Recommendations and Best Practices
Lawyers should always be aware of the risks associated with remote signing of documents and affidavits, including but not limited to:
- Identity theft;
- Undue influence;
- Lack of capacity;
- Leaving the client without copies of the executed documents;
- Failing to provide the client with an adequate opportunity to ask questions or request clarifying information about the documents they are executing.
Some recommended practices and safeguards include:
- Consider whether there are any indicia of fraud. If necessary, take additional steps to confirm identity or ask more detailed questions about the transaction;
- Be alert to the fact that some people may attempt to use the current circumstances and resulting confusion as an opportunity to commit fraud or other illegal acts;
- Assess whether there is a risk that the client may be subject to undue influence or duress. Lawyers should determine who is present at the remote location and their relationship to the client.
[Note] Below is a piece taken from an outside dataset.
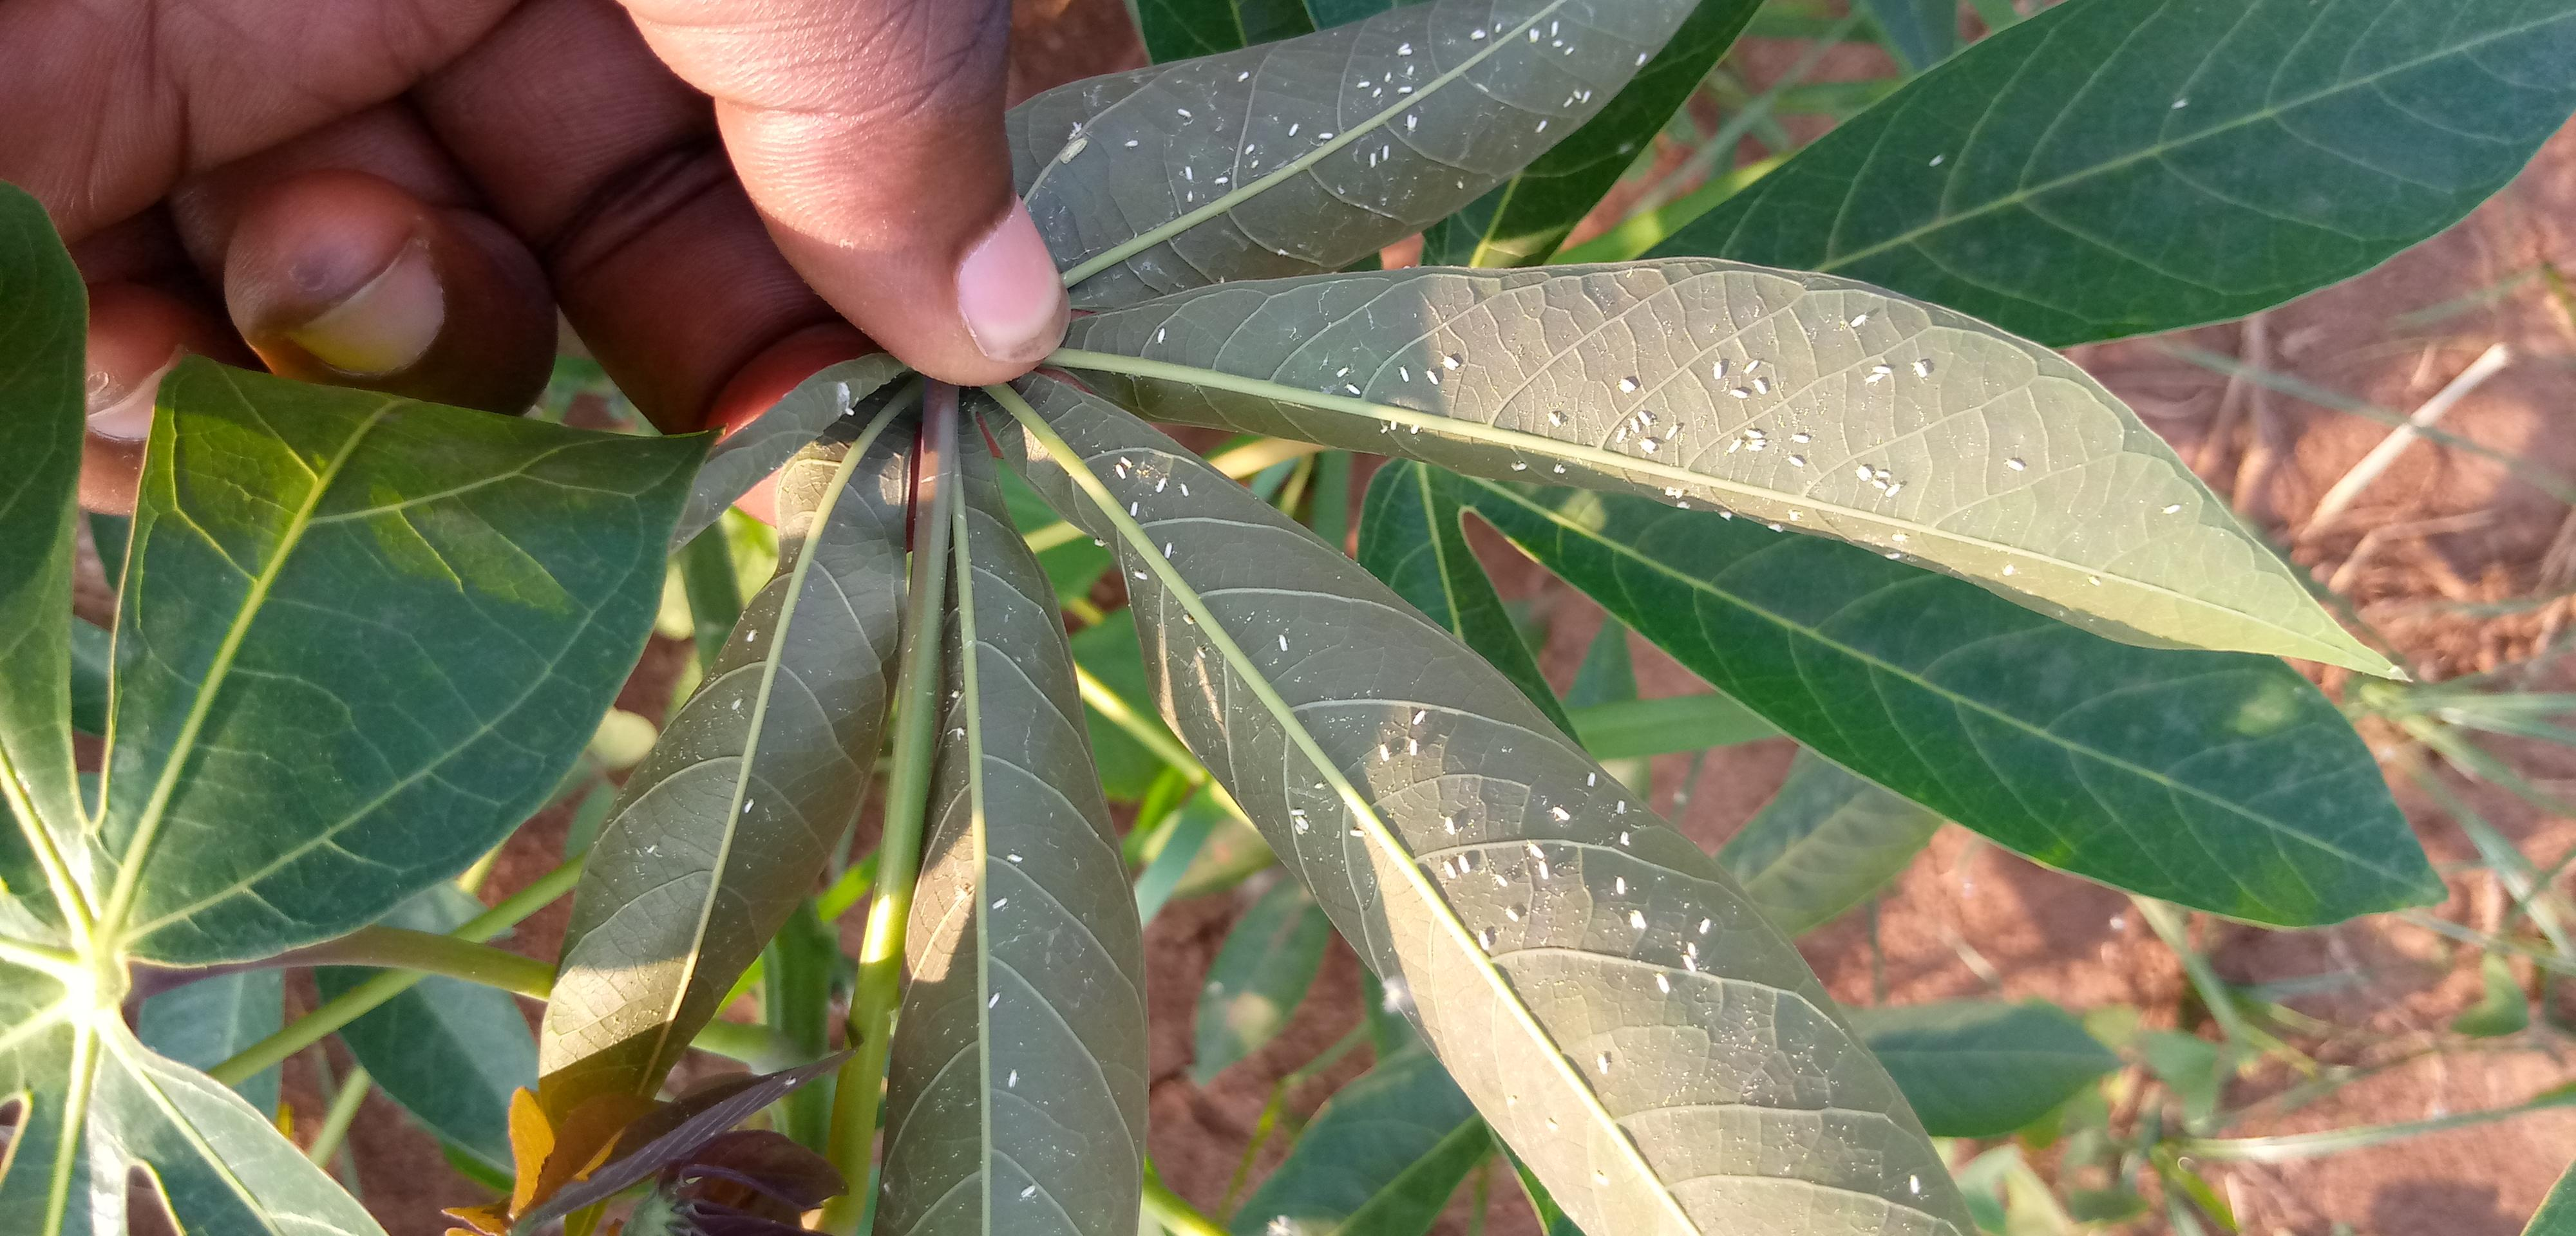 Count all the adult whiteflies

146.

If there is a risk of undue influence or duress, consider whether it is possible to assist the client at this time without meeting in-person;
- Confirm your client’s understanding about the documents they are executing and provide adequate opportunity for them to ask questions during the video conference;
- Observe others who may be physically in the room with the client during the execution and ensure that the client is alone for particularly sensitive documents where duress may be a relevant concern;
Land Titles Forms and Affidavits
When a lawyer receives documents from the client, the lawyer may sign as witness or may act as a commissioner for oaths or notary to complete an affidavit of execution sworn by a witness. The documents must disclose when the client or deponent signed remotely and the documents submitted to Land Titles should include an explanation of the circumstances surrounding their execution, and the manner in which the affidavit of execution was taken. The Ministerial Order outlines the required wording to be adopted in affidavits and sworn declarations to be filed with Land Titles.
The jurat on the affidavits required by Land Titles permits taking an oath via two-way video-conferencing with the deponent. The jurat and body of the affidavits also contemplates that the deponent will have provided evidence to the lawyer to permit the lawyer, acting as a commissioner or notary, to verify the deponent’s identity and to confirm the contents of the document being executed.
When acting as a witness, the lawyer will be required to swear an Affidavit of Execution swearing to the fact that the entire process was completed by two-way video conferencing and that the lawyer, as witness, was all times able to see and hear the person signing the instrument.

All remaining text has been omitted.